Bucky gets to his feet and coaxes Shavka out from under the chair. She comes out with her tail tucked.
"Oh, big baby," says the vet assistant, laughing softly.
"Well," Bucky says, a little defensive. "She's had a hard life."
The guy nods. "Then I take it back. C'mon kiddo. The shots kinda stink but there are treats at the end."
They go into the little room and Bucky gets Shavka up on the table and warns the vet that she was a stray, and Bucky's not sure how she's going to react. The vet's a nice enough lady, speaks soothingly but works efficiently, and Bucky likes her. But Shavka yelps and whines and give Bucky a look of deep betrayal when he holds her forepaws so the vet can finish up with the shots. He knows that expression. He's pretty sure he gave Steve a look like that once, when he realized the people coming into the room to see him were doctors, and that the room was a cage.
It's okay, they're just going to make sure you're alright.
I'm sorry. He was shaking.

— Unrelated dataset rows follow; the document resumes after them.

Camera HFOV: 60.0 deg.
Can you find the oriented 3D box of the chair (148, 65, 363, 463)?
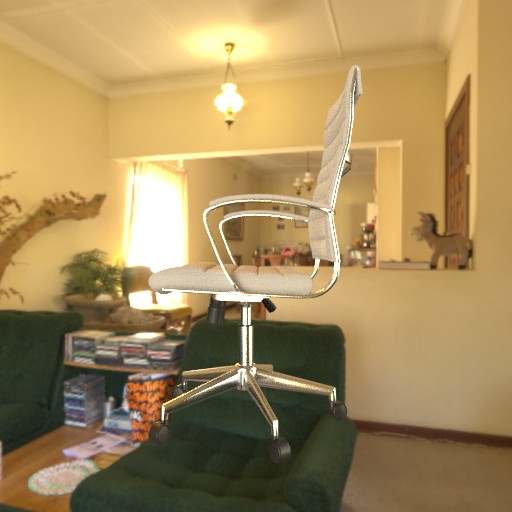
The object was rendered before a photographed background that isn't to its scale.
[{"bbox_3d":[0.000,0.000,1.549,0.667,1.149,0.679,0,1,0],"label":"chair"}]
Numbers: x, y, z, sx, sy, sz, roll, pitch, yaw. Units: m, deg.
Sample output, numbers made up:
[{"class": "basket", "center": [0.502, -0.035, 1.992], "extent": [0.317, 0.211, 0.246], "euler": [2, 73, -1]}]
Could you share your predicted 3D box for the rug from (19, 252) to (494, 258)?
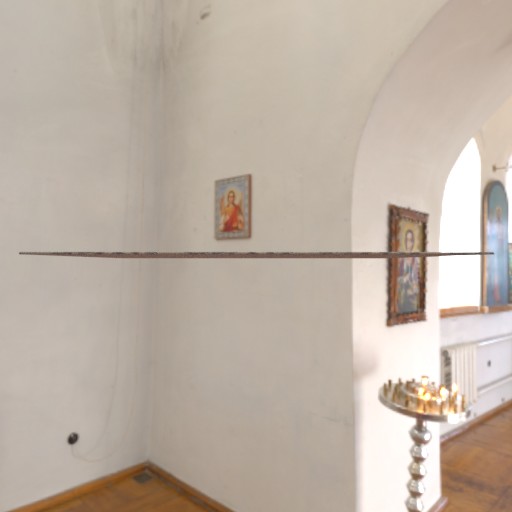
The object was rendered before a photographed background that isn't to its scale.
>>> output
[{"class": "rug", "center": [0.000, 0.000, 2.930], "extent": [2.261, 0.013, 1.676], "euler": [0, -1, -1]}]
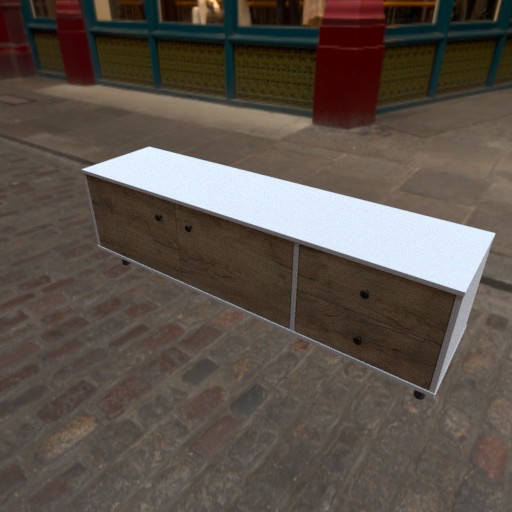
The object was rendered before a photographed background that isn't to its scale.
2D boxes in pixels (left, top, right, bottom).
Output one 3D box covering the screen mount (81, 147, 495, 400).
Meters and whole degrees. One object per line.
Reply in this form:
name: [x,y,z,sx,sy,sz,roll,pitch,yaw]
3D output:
screen mount: [0.000,0.000,1.815,1.600,0.520,0.418,20,36,29]
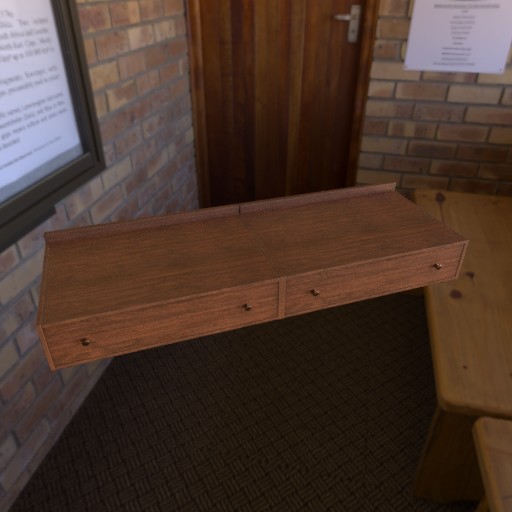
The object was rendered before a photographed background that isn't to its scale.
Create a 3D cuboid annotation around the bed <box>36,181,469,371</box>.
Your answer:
[{"bbox_3d":[0.000,0.000,2.352,2.057,0.326,0.787,-10,34,-16],"label":"bed"}]
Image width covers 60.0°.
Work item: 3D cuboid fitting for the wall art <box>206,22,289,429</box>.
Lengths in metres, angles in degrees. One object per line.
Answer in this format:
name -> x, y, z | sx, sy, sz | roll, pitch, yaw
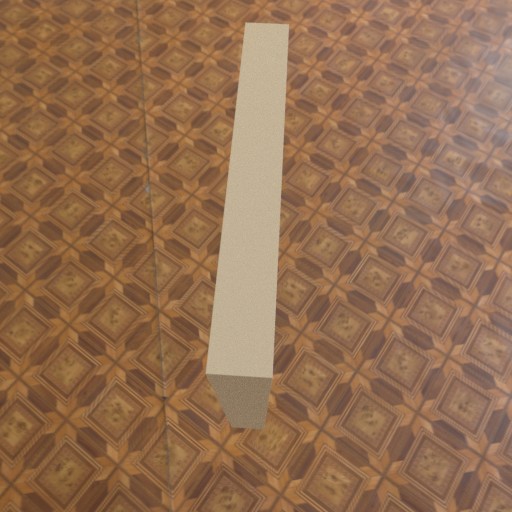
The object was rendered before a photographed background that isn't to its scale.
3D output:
wall art -> 0.000, 0.000, 0.457 | 0.038, 0.304, 0.305 | 3, 64, 2
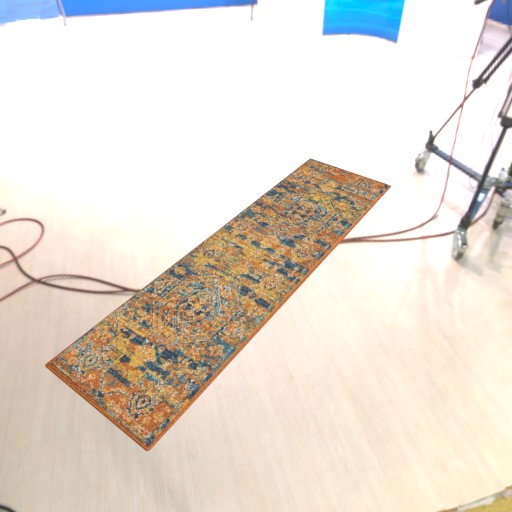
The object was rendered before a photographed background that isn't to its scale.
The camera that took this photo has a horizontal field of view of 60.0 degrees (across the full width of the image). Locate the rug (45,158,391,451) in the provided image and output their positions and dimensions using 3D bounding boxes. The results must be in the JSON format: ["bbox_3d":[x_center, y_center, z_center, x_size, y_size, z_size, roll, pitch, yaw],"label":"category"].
[{"bbox_3d":[0.000,0.000,2.496,0.651,0.016,2.274,26,48,26],"label":"rug"}]
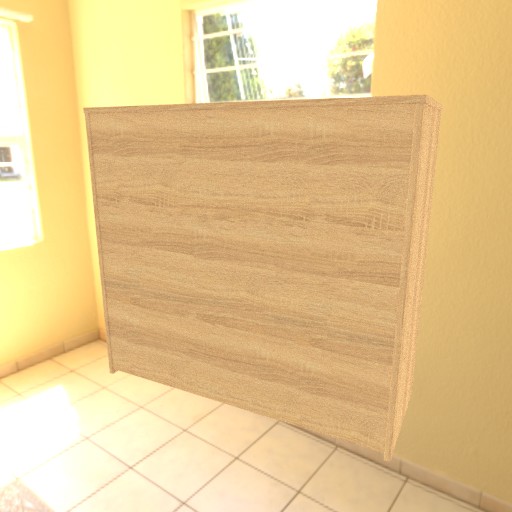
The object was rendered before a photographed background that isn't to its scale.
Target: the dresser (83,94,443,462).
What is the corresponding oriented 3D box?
[{"bbox_3d":[0.000,0.000,1.405,0.980,0.900,0.380,8,17,26],"label":"dresser"}]
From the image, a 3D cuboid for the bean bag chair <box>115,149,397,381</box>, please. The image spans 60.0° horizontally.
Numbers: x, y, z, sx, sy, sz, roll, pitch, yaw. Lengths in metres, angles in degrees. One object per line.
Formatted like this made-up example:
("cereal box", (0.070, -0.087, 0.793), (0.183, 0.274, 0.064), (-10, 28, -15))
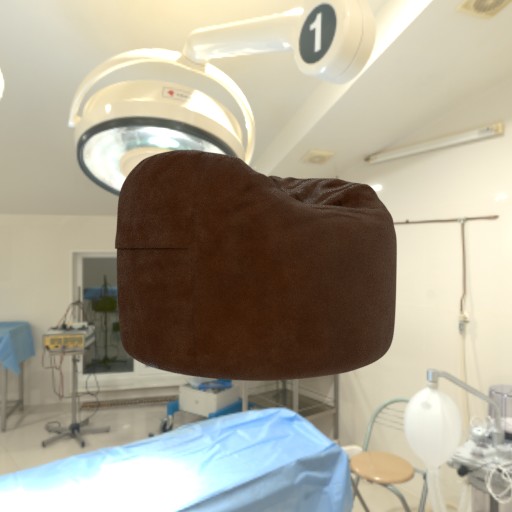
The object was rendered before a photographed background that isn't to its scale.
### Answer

Without the machine, the ice, the constant chemical restraints, fear overwhelmed him and he was shaking so hard his teeth chattered. I'm sorry that I disobeyed.

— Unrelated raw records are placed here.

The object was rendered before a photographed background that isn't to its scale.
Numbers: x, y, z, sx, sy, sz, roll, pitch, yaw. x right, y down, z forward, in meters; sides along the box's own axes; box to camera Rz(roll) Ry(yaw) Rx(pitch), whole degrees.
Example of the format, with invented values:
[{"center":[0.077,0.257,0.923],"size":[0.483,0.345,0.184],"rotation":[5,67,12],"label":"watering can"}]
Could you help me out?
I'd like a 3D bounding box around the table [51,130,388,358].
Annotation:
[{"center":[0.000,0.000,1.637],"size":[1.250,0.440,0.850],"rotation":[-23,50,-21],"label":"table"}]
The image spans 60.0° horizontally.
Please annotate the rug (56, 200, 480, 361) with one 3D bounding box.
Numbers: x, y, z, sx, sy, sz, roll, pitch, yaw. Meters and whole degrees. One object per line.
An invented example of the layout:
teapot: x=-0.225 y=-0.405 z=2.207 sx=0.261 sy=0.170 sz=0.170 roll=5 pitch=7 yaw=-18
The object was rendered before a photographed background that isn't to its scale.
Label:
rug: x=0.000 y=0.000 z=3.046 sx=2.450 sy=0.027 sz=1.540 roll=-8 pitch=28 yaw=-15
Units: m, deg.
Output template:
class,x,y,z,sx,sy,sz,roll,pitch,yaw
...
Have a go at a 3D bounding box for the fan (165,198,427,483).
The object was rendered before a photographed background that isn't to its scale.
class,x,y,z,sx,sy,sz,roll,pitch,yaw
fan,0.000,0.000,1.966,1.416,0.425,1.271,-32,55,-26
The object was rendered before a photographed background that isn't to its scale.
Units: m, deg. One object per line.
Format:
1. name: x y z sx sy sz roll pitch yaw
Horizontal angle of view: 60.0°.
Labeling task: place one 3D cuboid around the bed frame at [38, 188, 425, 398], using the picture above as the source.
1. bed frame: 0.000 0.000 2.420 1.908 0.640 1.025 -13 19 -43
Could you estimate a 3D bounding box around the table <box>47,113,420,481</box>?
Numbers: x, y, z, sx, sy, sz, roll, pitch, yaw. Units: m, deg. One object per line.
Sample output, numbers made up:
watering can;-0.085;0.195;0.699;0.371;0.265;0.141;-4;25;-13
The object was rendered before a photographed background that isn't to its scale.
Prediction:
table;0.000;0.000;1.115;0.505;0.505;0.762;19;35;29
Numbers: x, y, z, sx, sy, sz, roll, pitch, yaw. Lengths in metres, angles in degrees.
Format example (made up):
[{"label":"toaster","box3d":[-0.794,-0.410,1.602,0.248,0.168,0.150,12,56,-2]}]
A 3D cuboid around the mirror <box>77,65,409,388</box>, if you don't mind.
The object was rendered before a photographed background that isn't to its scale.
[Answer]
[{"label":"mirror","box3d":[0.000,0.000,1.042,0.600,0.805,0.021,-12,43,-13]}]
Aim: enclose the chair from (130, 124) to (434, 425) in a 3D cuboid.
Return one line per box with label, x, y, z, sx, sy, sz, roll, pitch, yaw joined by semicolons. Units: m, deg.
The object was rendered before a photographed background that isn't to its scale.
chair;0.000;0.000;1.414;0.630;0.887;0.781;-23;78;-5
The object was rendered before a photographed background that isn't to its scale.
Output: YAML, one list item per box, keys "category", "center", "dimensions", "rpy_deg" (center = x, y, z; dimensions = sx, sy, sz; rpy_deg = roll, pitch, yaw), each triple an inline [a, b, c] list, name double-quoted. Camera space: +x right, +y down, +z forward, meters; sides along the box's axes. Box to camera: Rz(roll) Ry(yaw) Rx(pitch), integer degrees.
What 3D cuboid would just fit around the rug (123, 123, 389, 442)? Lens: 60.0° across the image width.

Bucky, hey, look at me. Don't look at them. Ten minutes okay? That's all.
Please. Begging, pathetic. Gripping what he remembered like a child holding a doll. Please. I don't want to forget.

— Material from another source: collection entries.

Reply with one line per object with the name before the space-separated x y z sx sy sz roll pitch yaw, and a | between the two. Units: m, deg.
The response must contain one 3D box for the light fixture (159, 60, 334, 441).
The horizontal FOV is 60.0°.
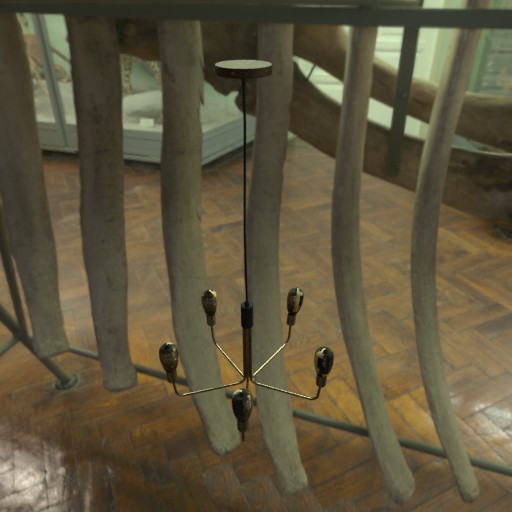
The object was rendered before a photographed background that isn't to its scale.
light fixture | 0.000 0.000 1.317 0.532 1.059 0.588 11 33 17
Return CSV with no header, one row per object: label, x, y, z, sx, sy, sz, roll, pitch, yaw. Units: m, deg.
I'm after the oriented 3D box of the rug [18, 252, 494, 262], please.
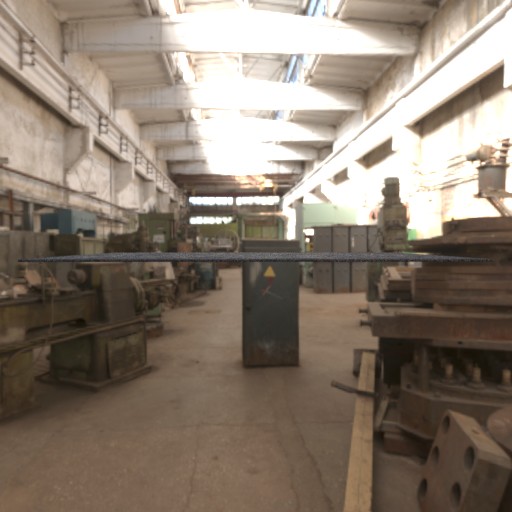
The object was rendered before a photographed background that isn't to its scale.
rug,0.000,0.000,2.191,1.754,0.010,1.139,0,2,-1
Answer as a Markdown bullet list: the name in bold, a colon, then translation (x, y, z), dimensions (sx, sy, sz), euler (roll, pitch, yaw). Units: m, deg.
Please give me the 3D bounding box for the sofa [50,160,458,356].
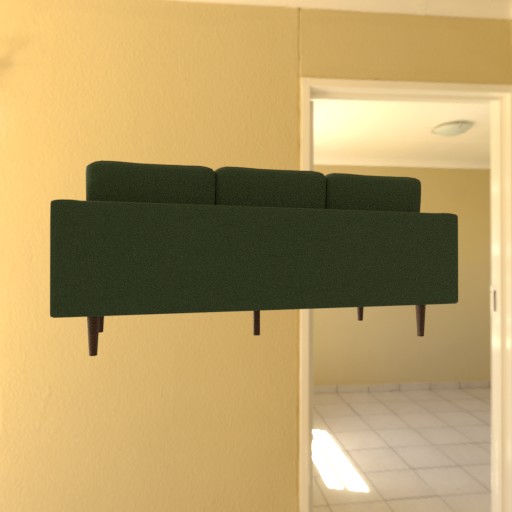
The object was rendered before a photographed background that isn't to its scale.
- **sofa**: translation (0.000, 0.000, 2.528), dimensions (2.029, 0.899, 0.879), euler (0, 0, -17)

Five minutes, Buck, just five.
Captain Rogers, five minutes is-
Going to have to be enough. Keep looking at me, Buck. It's almost over. We're going home soon.
The white coats worked fast. They drew blood, downloaded data from the arm, and listened to his lungs and heart, shone a light into his eyes. There was no chair. No lightening. No ice. No pain. And afterward, seated in the room, just him and Steve, he stared.
Yeah. When you're ready we can leave.
Nothing about deadlines or timetables. Not even really an order. And want still present in him. I want to go, he whispered. He waited for reaction. For the white coats to come in again and fix him. Instead, Steve said okay and took him home.
Shavka follows him out of the vet's with her head down and her tail tucked. She stays exactly at his heel, and doesn't balk at the stairs. When they get back to the apartment she spends a moment staring at him. Then she runs over to her bed and lies down.
"See?" he says.
She wags her tail once and rubs her nose on his hand when he holds it out for her to sniff. He gives her a scratch behind the ears, then checks his phone.
As promised, Bruce has sent him the pdf of programming for the conference and most of it is Greek to Bucky, but Self-Reported PTSD Symptom Severity and Access to Service Dogs sounds slightly more manageable than Cortisol Levels Among Animal Carers with a History of Trauma and way better than the totally incomprehensible Alpha-1 Adrenergic Receptor Antagonists: A Review of the Literature.
Bucky always liked school and was good at it, but it's been a hell of a long time.
I don't know what half
this stuff even means
Look at the things in blue
they're mostly non-technical.
I don't think I have
the brains for this
Actually, you're probably the world
expert on some of it. If anyone
asks I'll introduce you as a
traumatic amnesia specialist.
… … …
10$ says somebody will
ask you to present a paper
They're sitting the couch that evening, him and Steve. Bucky's still reading on his phone, scrolling between the lectures that sound interesting. He's narrowing down the ones he wants to see when Steve looks over at the screen. He makes a little noise. Bucky looks up.
"What?" he asks.
"Vet school?" Steve asks softly.
Steve smiles at him, and suddenly his eyes are a little bit glassy, his mouth tightening up.
Bucky sits up. "Steve?"
"That's great," Steve says. He nods at Bucky and blinks a few times. Bucky can hear him swallow. "Buck, that's great."
"What are you…?" he looks down. There it is, on the header of every single page of the pdf, Lawrence College of Veterinary Medicine. He stares at it. Then he looks at Steve. "It's a…" he starts to explain, but something stops him. He slouches back down among the couch cushions and shrugs. "Yeah," he says. He shrugs again. "Maybe."
I dunno if there is a Lawrence College of Veterinary Medicine. There probably is. Somewhere.
Also: Okay, now it is for real done. For real.